In its letter of authorization dated July 7, 2020, the FDA stated: “The above described product, when accompanied by the instructions for use and the two fact sheets (collectively referenced as “authorized labeling”), is authorized to be distributed and used by authorized laboratories under this EUA.”
“This is an important milestone for Enzo as the FDA’s EUA on three disparate systems demonstrates the flexibility and adaptability of our highly reliable and sensitive PCR-based molecular test for SARS-Cov-2,” said Elazar Rabbani, Ph.D., Enzo CEO. “The EUA builds upon our comprehensive COVID-19 program and the diagnostic testing efforts we first announced in April, which have already garnered significant interest from government entities, nursing homes, and universities as they plan testing programs for their constituents.”
Leveraging Enzo’s expertise in diagnostics technology, the AMPIPROBE® SARS-Cov-2 Test System features improved scale, high sensitivity, particularly relevant positive controls comprising in vitro transcribed viral RNA, and RNaseP as an internal control to confirm the quality of the specimen collection and the nucleic acid extraction process.

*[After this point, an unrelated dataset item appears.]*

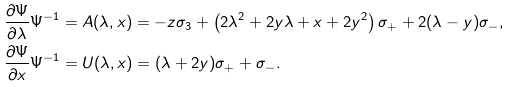Convert formula to latex. <formula><loc_0><loc_0><loc_500><loc_500>& \frac { \partial \Psi } { \partial \lambda } \Psi ^ { - 1 } = A ( \lambda , x ) = - z \sigma _ { 3 } + \left ( 2 \lambda ^ { 2 } + 2 y \lambda + x + 2 y ^ { 2 } \right ) \sigma _ { + } + 2 ( \lambda - y ) \sigma _ { - } , \\ & \frac { \partial \Psi } { \partial x } \Psi ^ { - 1 } = U ( \lambda , x ) = ( \lambda + 2 y ) \sigma _ { + } + \sigma _ { - } .</formula> 
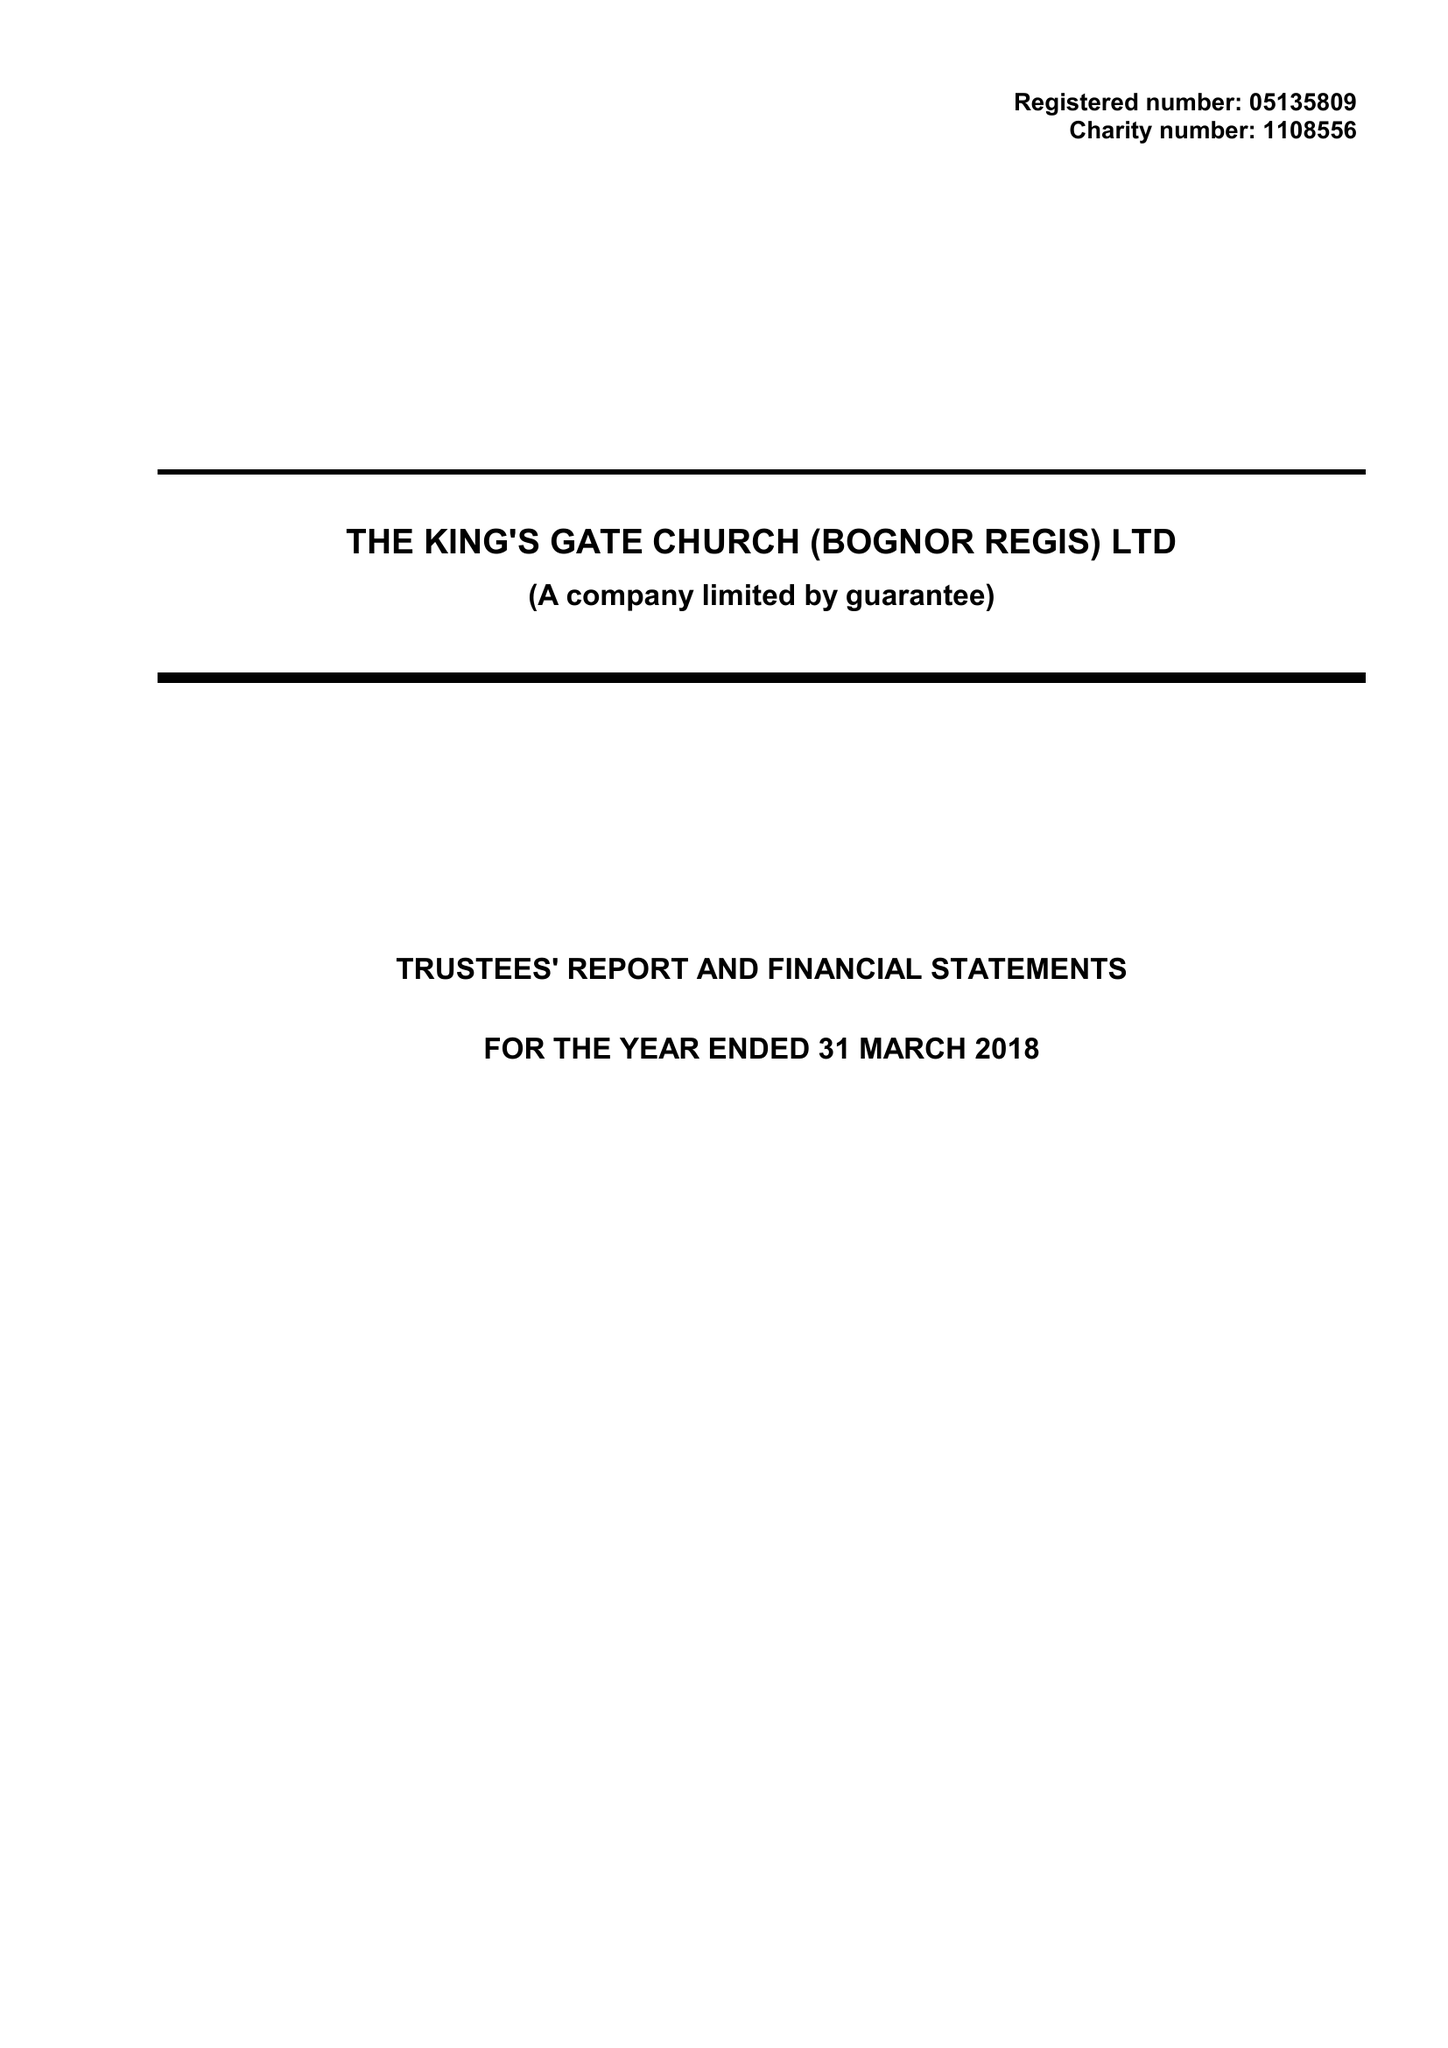What is the value for the address__street_line?
Answer the question using a single word or phrase. 132 LONDON ROAD

Pursuant to receiving the Emergency Use Authorization, Enzo’s diagnostics division is offering the AMPIPROBE® SARS-Cov-2 Test System for use with three platforms. The first platform is Enzo’s proprietary automated GENFLEXTM platform, which is a high-throughput, sample-to-result open molecular diagnostics system that delivers high capacity, efficiency, and flexibility at a lower price point than competing systems. The second platform is for the use of Enzo’s proprietary test for detection and analysis in conjunction with nucleic acid extraction on the QIAsymphony® SP platform. Lastly, the FDA authorized the use of Enzo’s proprietary test on a manual workflow.
Enzo’s products are intended to address the capacity and supply limitations that have arisen in the diagnostics market during the COVID-19 pandemic. Enzo manufactures its own sample collection, sample processing, and analytics products and supplies at its GMP-certified facilities.
A new white paper titled “Enzo’s Emergency Use Authorized AMPIPROBE® SARS-CoV-2 Test System” is currently available on its website at https://www.enzo.com/coronavirus, along with two previously published white papers detailing Enzo’s COVID-19 Product and Platform.About Enzo Biochem
Enzo Biochem is a pioneer in molecular diagnostics, leading the convergence of clinical laboratories, life sciences and intellectual property through the development of unique diagnostic platform technologies that provide numerous advantages over previous standards. A global company, Enzo Biochem utilizes cross-functional teams to develop and deploy products, systems and services that meet the ever-changing and rapidly growing needs of health care today and into the future. Underpinning Enzo Biochem’s products and technologies is a broad and deep intellectual property portfolio, with patent coverage across a number of key enabling technologies.
Except for historical information, the matters discussed in this release may be considered "forward-looking" statements within the meaning of Section 27A of the Securities Act of 1933, as amended and Section 21E of the Securities Exchange Act of 1934, as amended. Such statements include declarations regarding the intent, belief or current expectations of the Company and its management, including those related to cash flow, gross margins, revenues, and expenses which are dependent on a number of factors outside of the control of the Company including, inter alia, the markets for the Company’s products and services, costs of goods and services, other expenses, government regulations, litigation, and general business conditions. See Risk Factors in the Company’s Form 10-K for the fiscal year ended July 31, 2019. Investors are cautioned that any such forward-looking statements are not guarantees of future performance and involve a number of risks and uncertainties that could materially affect actual results. The Company disclaims any obligations to update any forward-looking statement as a result of developments occurring after the date of this release.